**Task prompt**:
From the entries that follow, pick out all lines holding "layout".

**Provided information**:
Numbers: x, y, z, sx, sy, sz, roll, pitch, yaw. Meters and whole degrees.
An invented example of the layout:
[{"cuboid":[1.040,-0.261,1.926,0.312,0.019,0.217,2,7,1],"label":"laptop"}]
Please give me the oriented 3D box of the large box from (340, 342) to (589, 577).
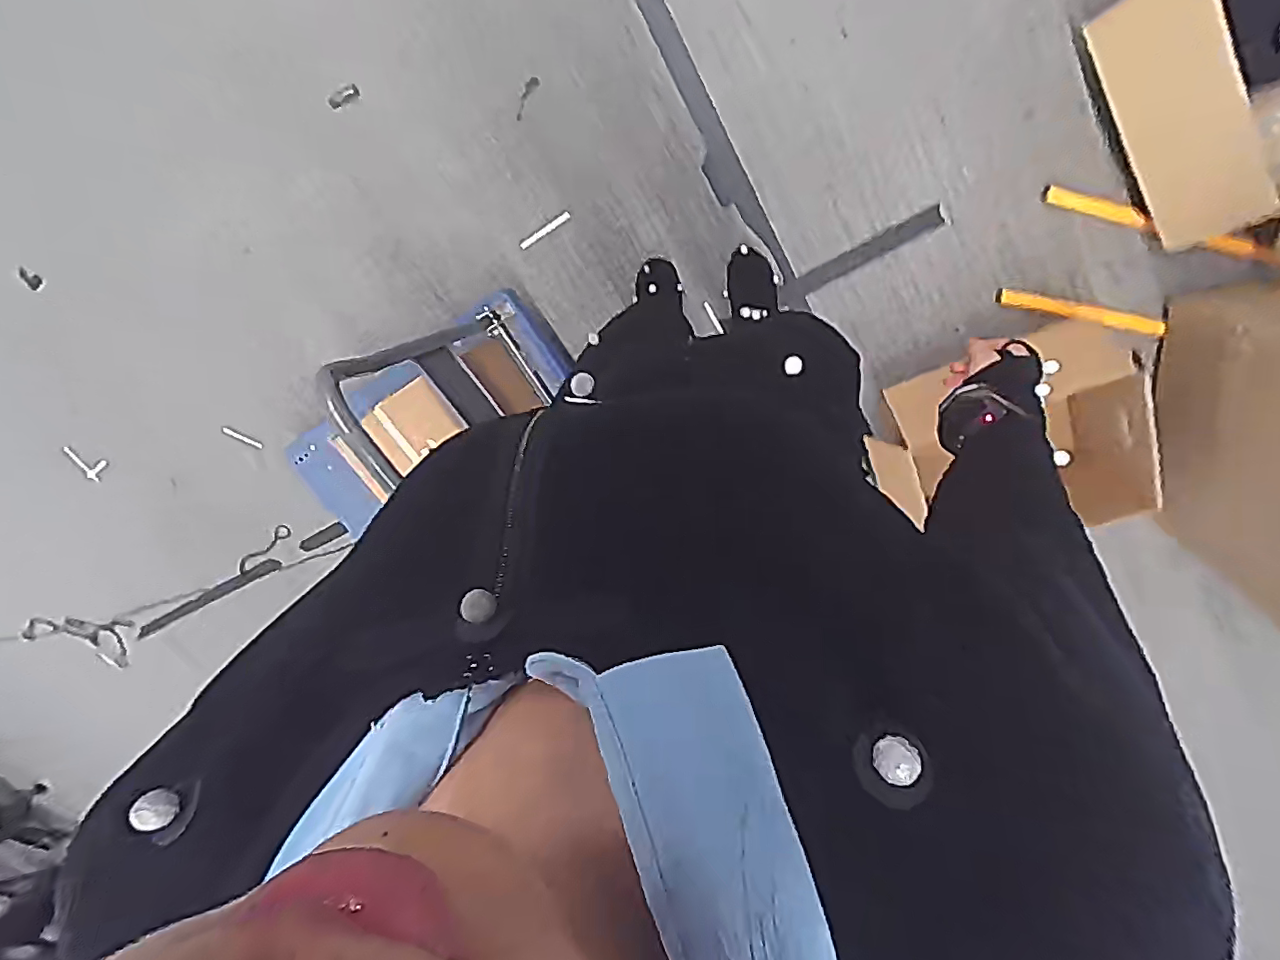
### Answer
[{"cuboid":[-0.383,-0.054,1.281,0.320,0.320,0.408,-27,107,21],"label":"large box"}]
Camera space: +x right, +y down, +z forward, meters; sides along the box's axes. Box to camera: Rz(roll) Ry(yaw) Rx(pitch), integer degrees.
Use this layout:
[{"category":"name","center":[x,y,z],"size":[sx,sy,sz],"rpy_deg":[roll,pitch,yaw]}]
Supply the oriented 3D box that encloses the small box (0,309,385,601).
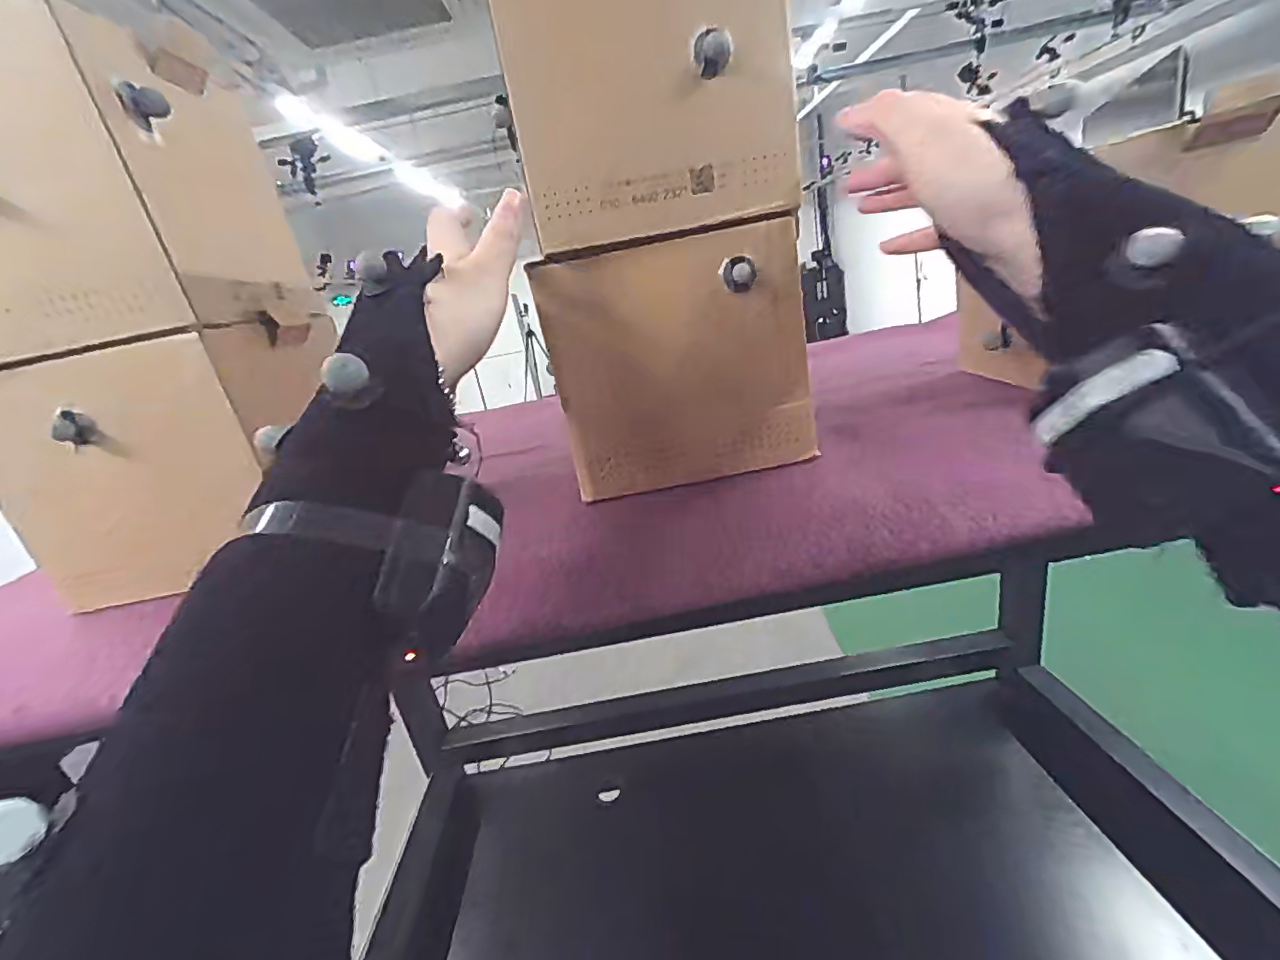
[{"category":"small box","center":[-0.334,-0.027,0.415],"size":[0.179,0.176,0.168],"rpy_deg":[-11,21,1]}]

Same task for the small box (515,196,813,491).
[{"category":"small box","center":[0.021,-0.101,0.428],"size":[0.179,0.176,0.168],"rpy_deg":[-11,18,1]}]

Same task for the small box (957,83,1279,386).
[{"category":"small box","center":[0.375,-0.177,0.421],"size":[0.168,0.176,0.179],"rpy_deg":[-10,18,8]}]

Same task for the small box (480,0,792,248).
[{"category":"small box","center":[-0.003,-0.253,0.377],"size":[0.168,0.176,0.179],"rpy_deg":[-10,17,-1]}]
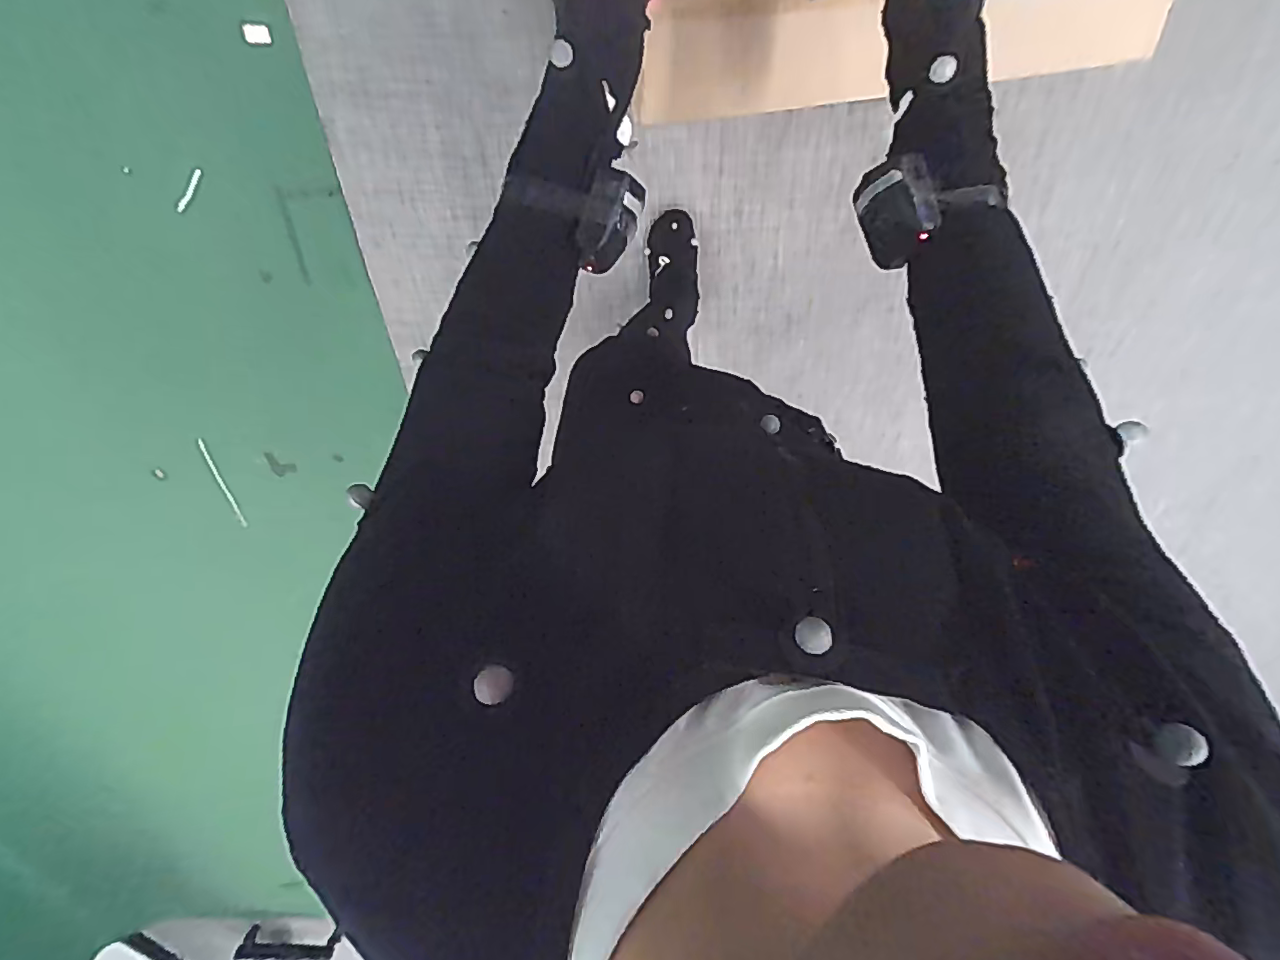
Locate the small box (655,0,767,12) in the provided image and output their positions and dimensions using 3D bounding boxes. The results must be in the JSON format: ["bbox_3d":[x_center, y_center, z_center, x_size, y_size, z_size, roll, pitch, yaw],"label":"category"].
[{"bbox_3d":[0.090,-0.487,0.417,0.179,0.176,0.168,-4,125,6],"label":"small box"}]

**Output below**:
An invented example of the layout:
Use this layout:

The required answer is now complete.